NADH自荧光: 癌干细胞(CSCs)的一种新的生物标志物

 

翻译:蓝山

 

NADH自荧光是在活细胞中观察到的自动荧光的主要形式。

 

诺贝尔奖得主莱纳斯·鲍林(Linus Pauling)是第一批描述和临床测试维生素C,作为无毒抗癌药有效的人之一[30]

 

最近,卢·坎特利的研究小组重新研究了维生素C对癌细胞的作用机制[17]。有趣的是,他们发现维生素C有两种作用机制。首先,它是一种强力的 助氧化剂,它能有效地消耗还原性谷胱甘肽(GSH)池,从而导致细胞氧化应激和癌细胞凋亡。此外,它还表现为糖酵解的抑制剂,通过靶向GAPDH的活性,一种关键的糖酵解酶。 图1

 

  图1:维生素C靶向GAPDH-一种糖酵解酶

 

然而,它对CSC活动的影响以前没有评估过。在这里,我们证明了维生素C也可以用来靶向CSC,因为它是能量代谢的抑制剂,它可以进入线粒体TCA循环和OXPHOS。其他3种糖酵解抑制剂也获得了类似的结果,即2-DG、水飞蓟素和stiripentol。重要的是,stiripentol是一种临床批准的药物,但它的使用主要局限于治疗儿童癫痫发作,而不是治疗癌症[19]

 

因此,维生素C可能被证明是新的临床试验的有效药物,目的在于测试其降低癌症患者CSC活性的能力,作为一种更常规的治疗方法,以防止肿瘤复发、进一步的疾病进展和转移。

 

有趣的是,一项基于乳腺癌的临床研究已经表明,在化疗后6个月内使用维生素C可以显著降低肿瘤的复发和患者的死亡率[31,32]。然而,其潜在临床效益的机制仍然模糊不清。同样地,维生素C治疗可以抑制小鼠体内动物模型的肿瘤生长(33)

 

Vitamin C Targeting metabolism and glycolysis in CSCs

 

NADH auto-auorescence: A new biomarker for CSCs

NADH auto-fluorescence is the dominant form of auto-fluorescence observed in living cells.

 

The Noble Prize winner, Linus Pauling, was among the  first  to  describe  and  clinically  test  the  efficacy  of Vitamin C, as a relatively non-toxic anti-cancer agent [30]. More recently, Lew Cantley’s group has revisited the mechanism(s) by which Vitamin C targets cancer cells [17]. Interestingly, they showed that Vitamin C has two mechanisms of action. First, it is a potent pro-oxidant, that actively depletes the reduced glutathione pool, leading to cellular oxidative stress and apoptosis in cancer cells. Moreover, it also behaves as an inhibitor of glycolysis, by targeting the activity of GAPDH, a key glycolytic enzyme. However, its effects on CSC activity was not previously evaluated.
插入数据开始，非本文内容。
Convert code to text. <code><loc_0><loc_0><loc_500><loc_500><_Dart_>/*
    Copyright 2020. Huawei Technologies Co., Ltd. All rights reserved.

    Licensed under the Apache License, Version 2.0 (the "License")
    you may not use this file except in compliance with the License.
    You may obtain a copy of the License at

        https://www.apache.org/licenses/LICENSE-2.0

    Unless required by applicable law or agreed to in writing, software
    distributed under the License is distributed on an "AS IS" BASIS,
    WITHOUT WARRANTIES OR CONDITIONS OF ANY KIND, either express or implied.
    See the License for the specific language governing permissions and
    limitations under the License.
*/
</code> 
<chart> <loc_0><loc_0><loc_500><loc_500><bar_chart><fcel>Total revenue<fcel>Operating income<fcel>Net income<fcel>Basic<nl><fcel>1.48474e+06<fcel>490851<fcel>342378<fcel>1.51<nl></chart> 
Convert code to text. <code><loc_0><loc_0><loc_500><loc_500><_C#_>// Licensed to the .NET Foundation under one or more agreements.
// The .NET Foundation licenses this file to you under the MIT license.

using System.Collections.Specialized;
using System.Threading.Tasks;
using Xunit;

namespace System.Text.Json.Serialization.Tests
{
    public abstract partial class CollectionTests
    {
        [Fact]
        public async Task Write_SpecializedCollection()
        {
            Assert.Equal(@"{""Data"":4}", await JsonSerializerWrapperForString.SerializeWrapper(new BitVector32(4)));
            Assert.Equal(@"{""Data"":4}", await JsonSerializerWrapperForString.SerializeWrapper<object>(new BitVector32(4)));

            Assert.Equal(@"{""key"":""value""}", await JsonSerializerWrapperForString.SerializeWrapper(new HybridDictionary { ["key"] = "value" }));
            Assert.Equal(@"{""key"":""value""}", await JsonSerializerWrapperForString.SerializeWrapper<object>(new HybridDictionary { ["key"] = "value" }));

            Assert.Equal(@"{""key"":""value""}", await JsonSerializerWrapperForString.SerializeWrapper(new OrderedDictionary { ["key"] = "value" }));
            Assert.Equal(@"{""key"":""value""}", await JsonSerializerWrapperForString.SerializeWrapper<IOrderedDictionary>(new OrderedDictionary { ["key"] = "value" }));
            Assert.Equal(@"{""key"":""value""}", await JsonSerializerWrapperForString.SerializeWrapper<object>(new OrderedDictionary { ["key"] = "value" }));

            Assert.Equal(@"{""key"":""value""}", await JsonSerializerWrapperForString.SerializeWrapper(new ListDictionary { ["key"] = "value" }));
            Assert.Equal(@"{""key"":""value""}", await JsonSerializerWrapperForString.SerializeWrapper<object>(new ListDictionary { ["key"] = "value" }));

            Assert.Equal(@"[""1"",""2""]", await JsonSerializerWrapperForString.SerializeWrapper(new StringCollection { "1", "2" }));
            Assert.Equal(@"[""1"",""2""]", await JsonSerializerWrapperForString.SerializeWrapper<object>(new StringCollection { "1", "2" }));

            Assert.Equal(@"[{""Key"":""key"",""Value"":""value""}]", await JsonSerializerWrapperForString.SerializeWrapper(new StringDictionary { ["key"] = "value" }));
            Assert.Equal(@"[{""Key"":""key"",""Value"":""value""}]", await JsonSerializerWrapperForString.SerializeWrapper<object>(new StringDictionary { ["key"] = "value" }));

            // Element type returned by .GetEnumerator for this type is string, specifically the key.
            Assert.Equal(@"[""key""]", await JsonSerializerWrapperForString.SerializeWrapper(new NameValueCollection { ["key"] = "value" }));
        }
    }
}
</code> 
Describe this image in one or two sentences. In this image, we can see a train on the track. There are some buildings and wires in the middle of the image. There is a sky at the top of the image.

Here, we show that Vitamin C can also be used to target the CSC population, as it is an inhibitor of energy metabolism that feeds into the mitochondrial TCA cycle and OXPHOS. Similar results were also obtained with 3 other glycolysis inhibitors, namely 2-DG, silibinin and stiripentol. Importantly, stiripentol is a clinically-approved drug, but its use is mainly restricted to the treatment of epileptic seizures in children, and not for cancer therapy [19]. Thus, Vitamin C may prove to be promising agent for new clinical trials, aimed at testing its ability to reduce CSC activity in cancer patients, as an add-on to more conventional therapies, to prevent tumor recurrence, further disease progression and metastasis. Interestingly, a breast cancer based clinical study has already shown that the use of Vitamin C, concurrent with or within 6 months of chemotherapy,  significantly  reduces  both tumor recurrence and patient mortality [31,32]. However, the  mechanism  underlying its  potential  clinical benefit remained obscure. Similarly, Vitamin C treatment inhibits tumor growth in murine animal models in vivo(33).